But my favorite by far was Furbo, a remote dog treat dispenser.
The idea is fascinating. A remote camera keeps an eye on Fido, using your computer and even cellular phone to monitor the pup, scold it to stop incessant yapping, and reward it when it’s good. Tell Spot to sit, and you can remotely eject a dog treat to your canine.
This is the stuff of The Jetsons. As I read, I wondered: Are we really this bored and wealthy?
Turns out the answer is “goddamned straight.” Furbo had 1,049 reviews and a four-out-of-five-star rating. It also had 271 questions from interested buyers: Could you use your own dog treats? How long is the warranty? Does it works for cats? (For what do you even reward a cat? A furball-free day?)
As I scrolled through the questions, I noticed it didn’t address my primary one: What happens when a dog jacks its leg to pee on it? I’m guessing it happens, as there’s an entire YouTube cottage industry of dogs peeing on myriad targets: cats, new shoes, sunbathers, etc. Teddy once peed on chair at the dog park. An occupied chair.

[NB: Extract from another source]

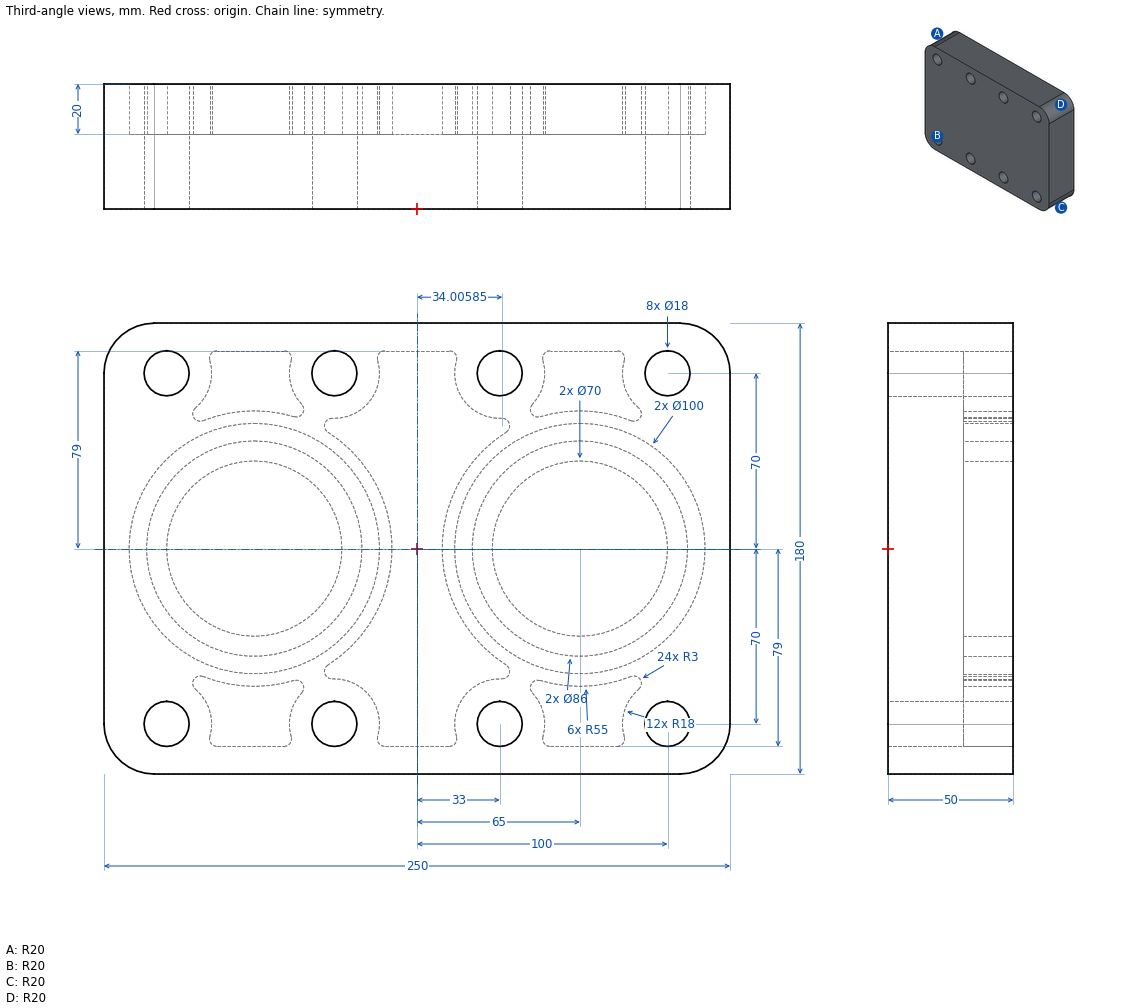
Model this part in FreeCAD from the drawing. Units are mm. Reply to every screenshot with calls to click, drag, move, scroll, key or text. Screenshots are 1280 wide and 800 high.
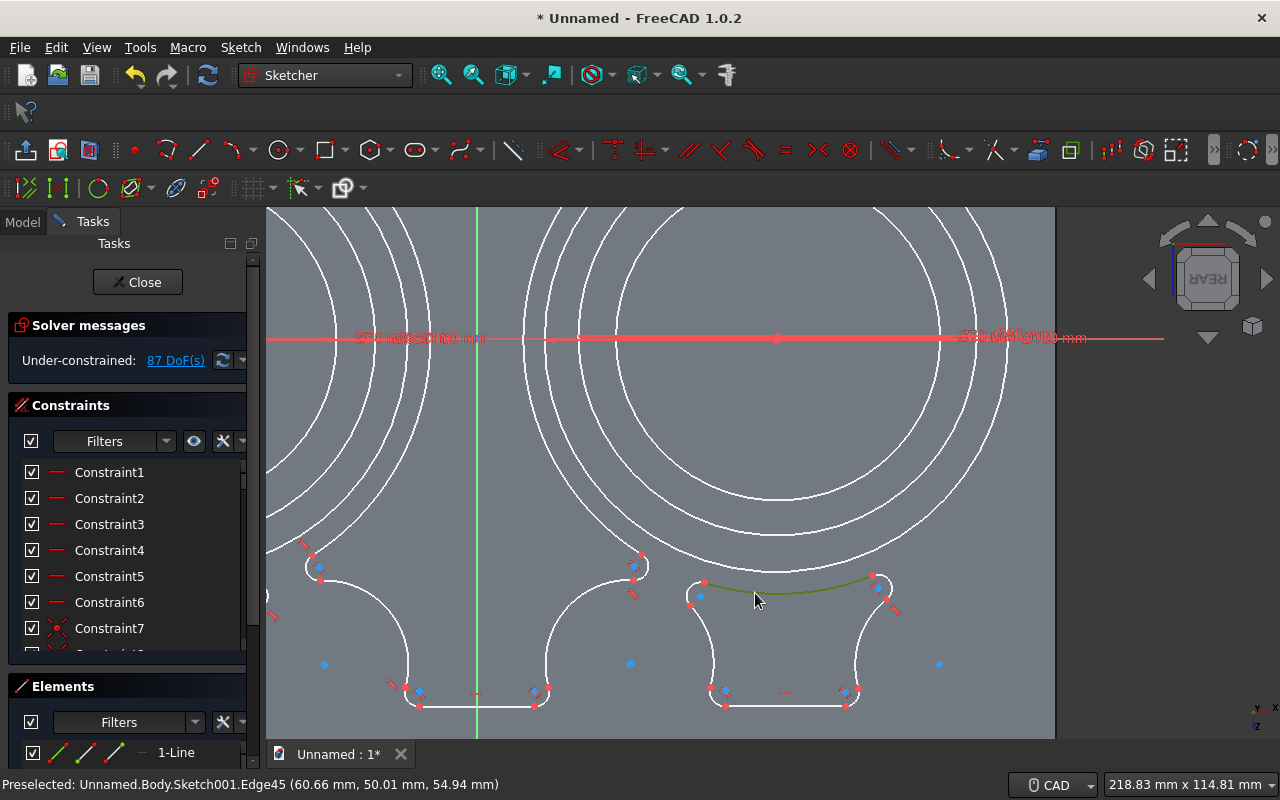
scroll(694, 584, up, 2)

So, on a smartass-ian lark, I asked the simple question 271 others would not: “Is it urine-proof?”
I expected that the seller would not even post the joke. At best, I would get a similarly snarky response, like “No, but it is fecal-resistant.”
Instead, I immediately received a spate of replies. “No, it’s plastic but still an electrical device;” “Perhaps — I would elevate it to the height of a treat jar,” etc. Apparently, the question raised a real issue — one not mentioned in the entire ad for Furbo.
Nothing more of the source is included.